Climat : grand écart entre les citoyens mobilisés et les politiques à contre-sens

Dans cette tribune, Laure Verhaeghe, présidente de Lendosphere, alerte sur le recul des politiques écologiques malgré un large soutien citoyen. Elle dénonce le fossé croissant entre aspirations populaires et décisions politiques, tout en saluant l’essor des mobilisations démocratiques et financières en faveur de la transition énergétique.

Moratoire (avorté) sur les énergies renouvelables, réintroduction d’un néonicotinoïde, détricotage européen du Green Deal, abandon du zéro artificialisation nette, sans parler des attaques ouvertes contre le climat et l’environnement de l’autre côté de l’Atlantique… Le "backlash" écologique est partout à l’œuvre, en tapant sur une écologie qui serait punitive et liberticide selon les gardiens d’un temple archaïque, arcboutés sur des intérêts et un référentiel en fin de cycle – économique, politique, écologique.

Pourtant, les records continuent de s’égrainer au fil des jours : 2024 est la première année à dépasser le seuil de +1,5°C, la dernière décennie a été la plus chaude jamais enregistrée, les événements climatiques extrêmes – d’une fréquence et d’une ampleur sans précédent – ont coûté 310 milliards d’euros dans le monde l’année dernière, dont 5 milliards à la France.

La désinformation sur les sujets climatiques, amplifiée par les "ingénieurs du chaos" décrits par Giuliano da Empoli, n’arrêtera pas le processus à l’œuvre et leurs conséquences sur chacun : la moitié des maisons individuelles dans l’Hexagone est concernée par les effets des dérèglements climatiques (retrait-gonflement des argiles, inondations, feux, etc.), les premières zones blanches de l’assurance apparaissent et le sort des réfugiés climatiques va devenir de plus en plus pressant – y compris en France.

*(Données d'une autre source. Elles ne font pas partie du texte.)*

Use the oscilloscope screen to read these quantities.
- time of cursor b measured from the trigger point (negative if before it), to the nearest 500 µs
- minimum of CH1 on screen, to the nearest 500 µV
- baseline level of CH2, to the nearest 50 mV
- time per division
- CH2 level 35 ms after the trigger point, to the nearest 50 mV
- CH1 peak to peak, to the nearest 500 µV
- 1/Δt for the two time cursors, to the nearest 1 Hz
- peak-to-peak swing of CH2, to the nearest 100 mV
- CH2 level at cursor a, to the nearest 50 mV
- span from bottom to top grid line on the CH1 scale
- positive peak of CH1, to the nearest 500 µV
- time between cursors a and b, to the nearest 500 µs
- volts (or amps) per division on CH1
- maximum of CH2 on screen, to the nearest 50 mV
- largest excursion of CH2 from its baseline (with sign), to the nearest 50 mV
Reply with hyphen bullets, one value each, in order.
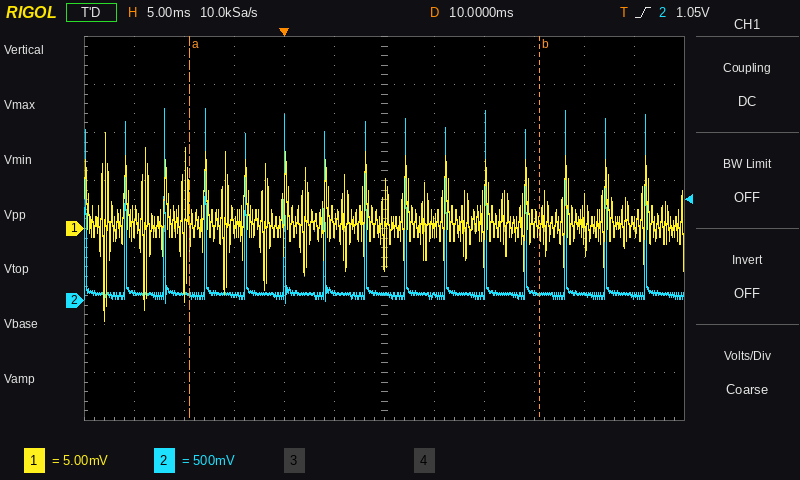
- +25.5 ms
- -9.5 mV
- 50 mV
- 5 ms
- 50 mV
- 19.5 mV
- 29 Hz
- 2.00 V
- 50 mV
- 40 mV
- 10.0 mV
- 35.0 ms
- 5 mV
- 2.00 V
- +1.95 V
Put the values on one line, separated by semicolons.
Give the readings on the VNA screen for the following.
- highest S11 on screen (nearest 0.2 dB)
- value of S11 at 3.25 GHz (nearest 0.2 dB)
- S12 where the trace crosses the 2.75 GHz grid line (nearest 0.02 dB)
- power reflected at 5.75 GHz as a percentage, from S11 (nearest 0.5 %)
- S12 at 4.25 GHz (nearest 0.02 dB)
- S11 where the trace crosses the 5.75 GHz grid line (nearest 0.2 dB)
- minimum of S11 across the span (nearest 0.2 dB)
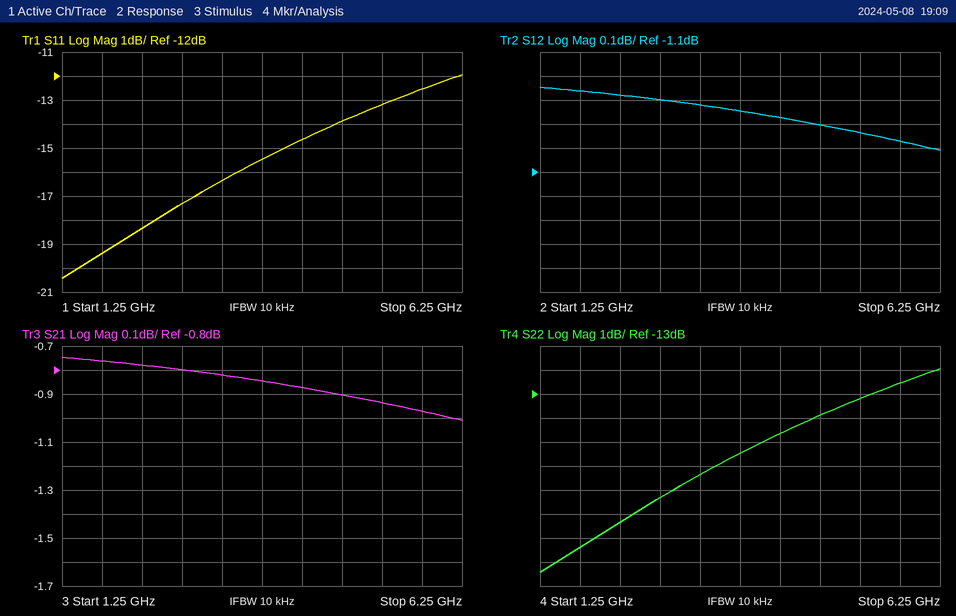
-12.0 dB; -16.4 dB; -0.80 dB; 5.5 %; -0.88 dB; -12.6 dB; -20.4 dB
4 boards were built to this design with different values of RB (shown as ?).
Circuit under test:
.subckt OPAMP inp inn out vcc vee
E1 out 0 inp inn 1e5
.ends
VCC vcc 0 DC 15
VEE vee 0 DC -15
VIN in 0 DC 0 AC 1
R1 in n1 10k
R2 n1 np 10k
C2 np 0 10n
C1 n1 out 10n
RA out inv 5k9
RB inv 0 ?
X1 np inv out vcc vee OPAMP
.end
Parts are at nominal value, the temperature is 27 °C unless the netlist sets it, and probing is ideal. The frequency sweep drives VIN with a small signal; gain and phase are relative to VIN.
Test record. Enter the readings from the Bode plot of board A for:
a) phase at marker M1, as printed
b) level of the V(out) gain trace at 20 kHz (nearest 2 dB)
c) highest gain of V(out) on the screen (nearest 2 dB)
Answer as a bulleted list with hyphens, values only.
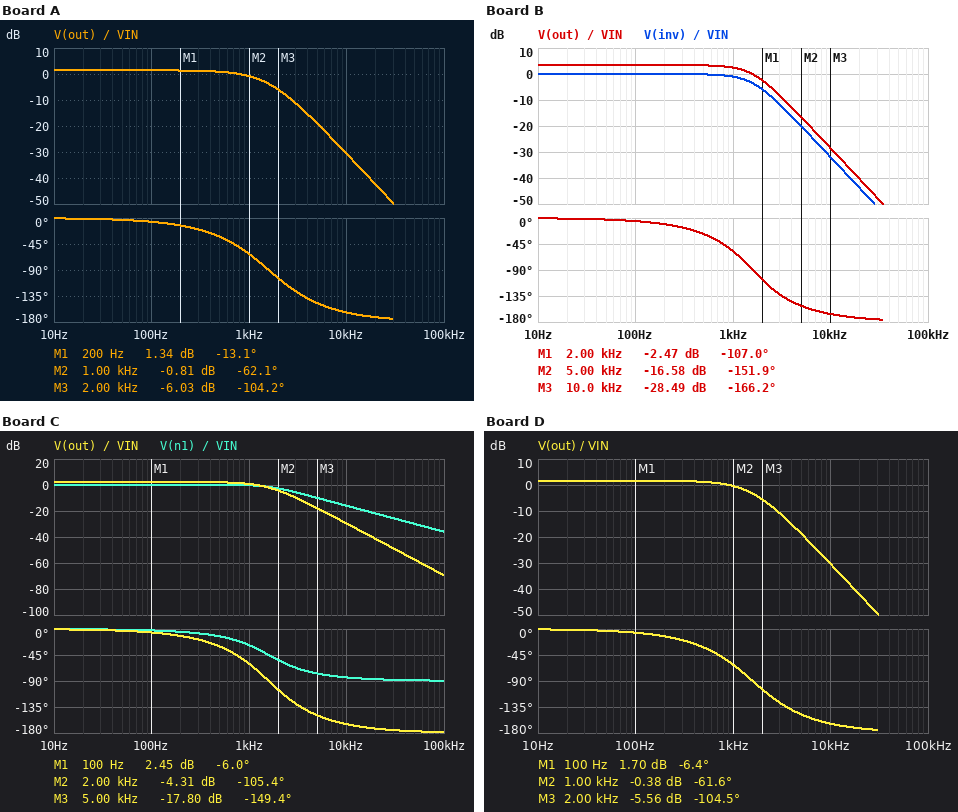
- -13.1 deg
- -42 dB
- 2 dB
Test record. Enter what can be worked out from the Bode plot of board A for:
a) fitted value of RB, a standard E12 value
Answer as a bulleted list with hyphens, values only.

- 33 kΩ
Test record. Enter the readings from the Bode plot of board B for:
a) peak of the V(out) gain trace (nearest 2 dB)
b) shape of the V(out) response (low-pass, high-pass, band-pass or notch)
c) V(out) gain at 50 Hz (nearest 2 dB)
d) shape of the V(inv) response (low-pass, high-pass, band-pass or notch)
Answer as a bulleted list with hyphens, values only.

- 4 dB
- low-pass
- 4 dB
- low-pass
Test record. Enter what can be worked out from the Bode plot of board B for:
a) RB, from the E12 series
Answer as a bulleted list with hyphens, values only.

- 12 kΩ
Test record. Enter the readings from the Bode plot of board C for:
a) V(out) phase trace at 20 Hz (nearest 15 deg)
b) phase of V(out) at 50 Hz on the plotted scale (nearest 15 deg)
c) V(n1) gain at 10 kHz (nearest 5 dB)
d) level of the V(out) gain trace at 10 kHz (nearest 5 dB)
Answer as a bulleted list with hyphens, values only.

- 0 deg
- 0 deg
- -15 dB
- -30 dB
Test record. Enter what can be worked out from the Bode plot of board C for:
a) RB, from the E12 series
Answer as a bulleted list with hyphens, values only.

- 18 kΩ
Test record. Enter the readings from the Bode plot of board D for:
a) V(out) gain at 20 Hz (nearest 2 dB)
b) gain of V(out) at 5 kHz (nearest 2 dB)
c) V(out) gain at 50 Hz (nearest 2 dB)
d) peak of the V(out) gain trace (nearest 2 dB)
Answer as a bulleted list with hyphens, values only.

- 2 dB
- -18 dB
- 2 dB
- 2 dB
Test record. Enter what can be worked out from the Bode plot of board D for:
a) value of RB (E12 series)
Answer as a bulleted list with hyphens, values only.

- 27 kΩ
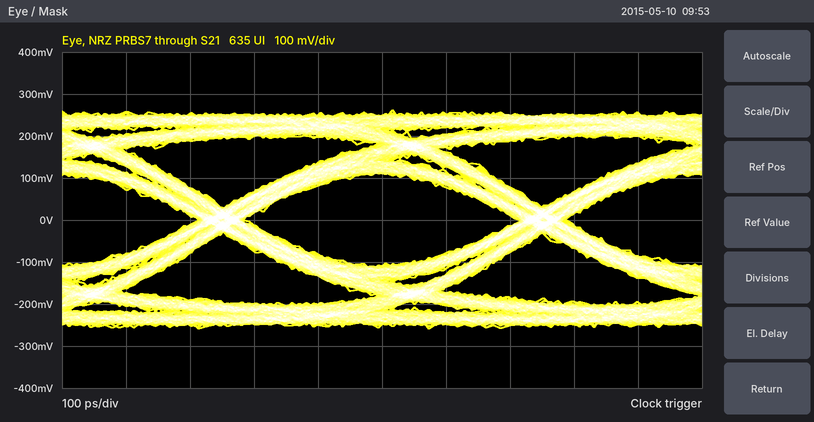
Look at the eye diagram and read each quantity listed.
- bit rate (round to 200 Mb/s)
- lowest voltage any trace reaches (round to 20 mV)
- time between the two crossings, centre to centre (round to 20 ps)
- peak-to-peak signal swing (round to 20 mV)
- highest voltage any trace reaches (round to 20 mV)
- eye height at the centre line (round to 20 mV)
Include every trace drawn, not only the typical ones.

2.0 Gb/s
-260 mV
500 ps
520 mV
260 mV
220 mV

Mais selon l’IDDRI et Parlons Climat, nous nous situons à la fin d’une phase de sensibilisation, et non face à un retournement de l’opinion. Cette phase de sensibilisation démarrée dans les années 1970 a donné lieu à la création du GIEC à la fin des années 1980 et au Protocole de Kyoto en 1997. La science climatique a placé le sujet des émissions de gaz à effet de serre à l’agenda politique international et, en parallèle, les organisations militantes ont porté ces sujets au cœur du grand public. Ces deux mouvements ont réussi à construire un rapport de force entre une mobilisation initialement minoritaire et des "normes majoritaires", à faire adopter des lois et à améliorer la préoccupation des citoyens pour la cause.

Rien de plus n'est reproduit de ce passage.